“Well…diabolical,” Sam ventured. “Sinister. Fiendish. You could almost pass for a nice guy.”
The stranger scarcely stopped laughing. “I’d like to think that my intentions are benevolent, not evil.”
“You saved me,” Sam said.
“For a while there you were doing just fine, handling whatever came your way. But that bat was a different proposition.”
“Then you’ve been looking out for me?” Sam turned the observation into a question at the last moment. “You know everything that’s going on?”
The Mockroach bowed, and smiled, but said nothing.
“I can’t believe you’re real,” Sam declared. “But here you are, aren’t you? When I was little, I heard the wildest stories about you. I suppose they’re all true. I didn’t believe them, but nobody would believe me if I told them how you scared that bat away.” The Mockroach continued his almost mocking smile. “Can you tell me,” Sam requested, “if Man still lives?”

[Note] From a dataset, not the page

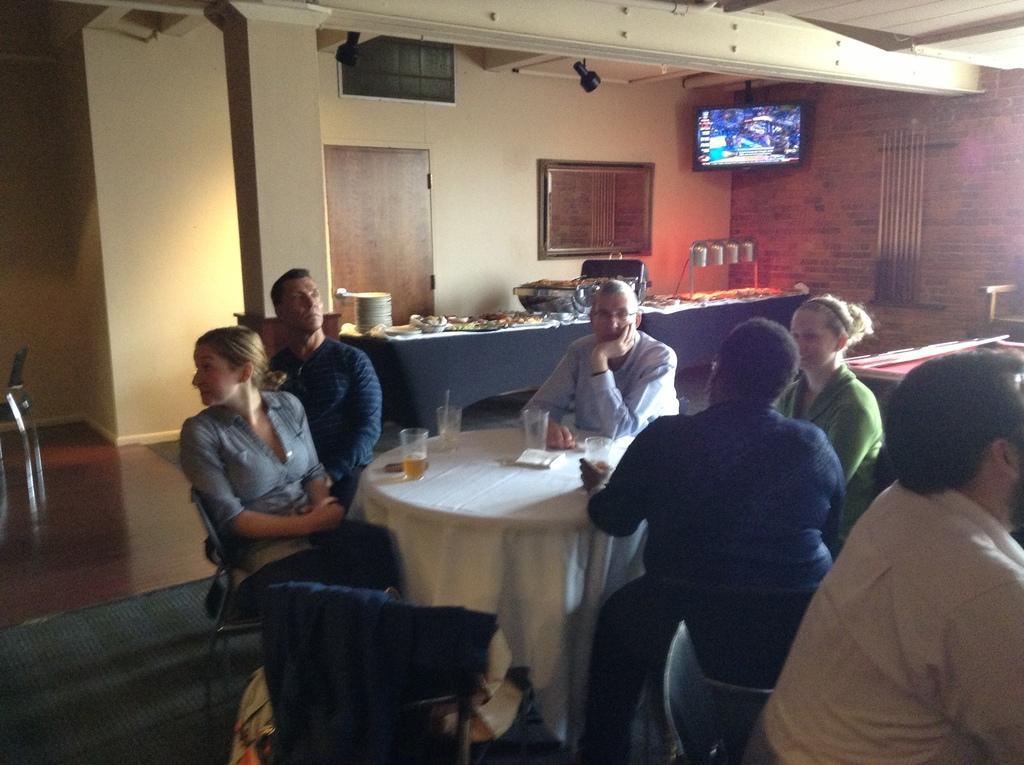Please provide a concise description of this image. There are few people sitting on chairs. In the middle on the table there are glasses, tissue. there are plates, food on a table here. Here is a screen mounted over here. Here there is a window and a door.

“Mankind still lives,” the Mockroach said.
“But Lawrence Brace…does He live?”
The Mockroach would not answer. Instead he said, “Behold the bell,” and gestured at it, the huge, bronze, black shape beside them, its shape comparable only to that of certain flowers Sam had seen in bloom, canterburies and lilies, but hard, impervious, and infinitely larger than any flower. “Read it,” the Mockroach commanded him.
Around one edge of the rim of the bell were letters cast into the metal, and Sam read these aloud: “Samuels Foundry Works, St. Louis.”
“Not those,” the Mockroach said. “Higher up.”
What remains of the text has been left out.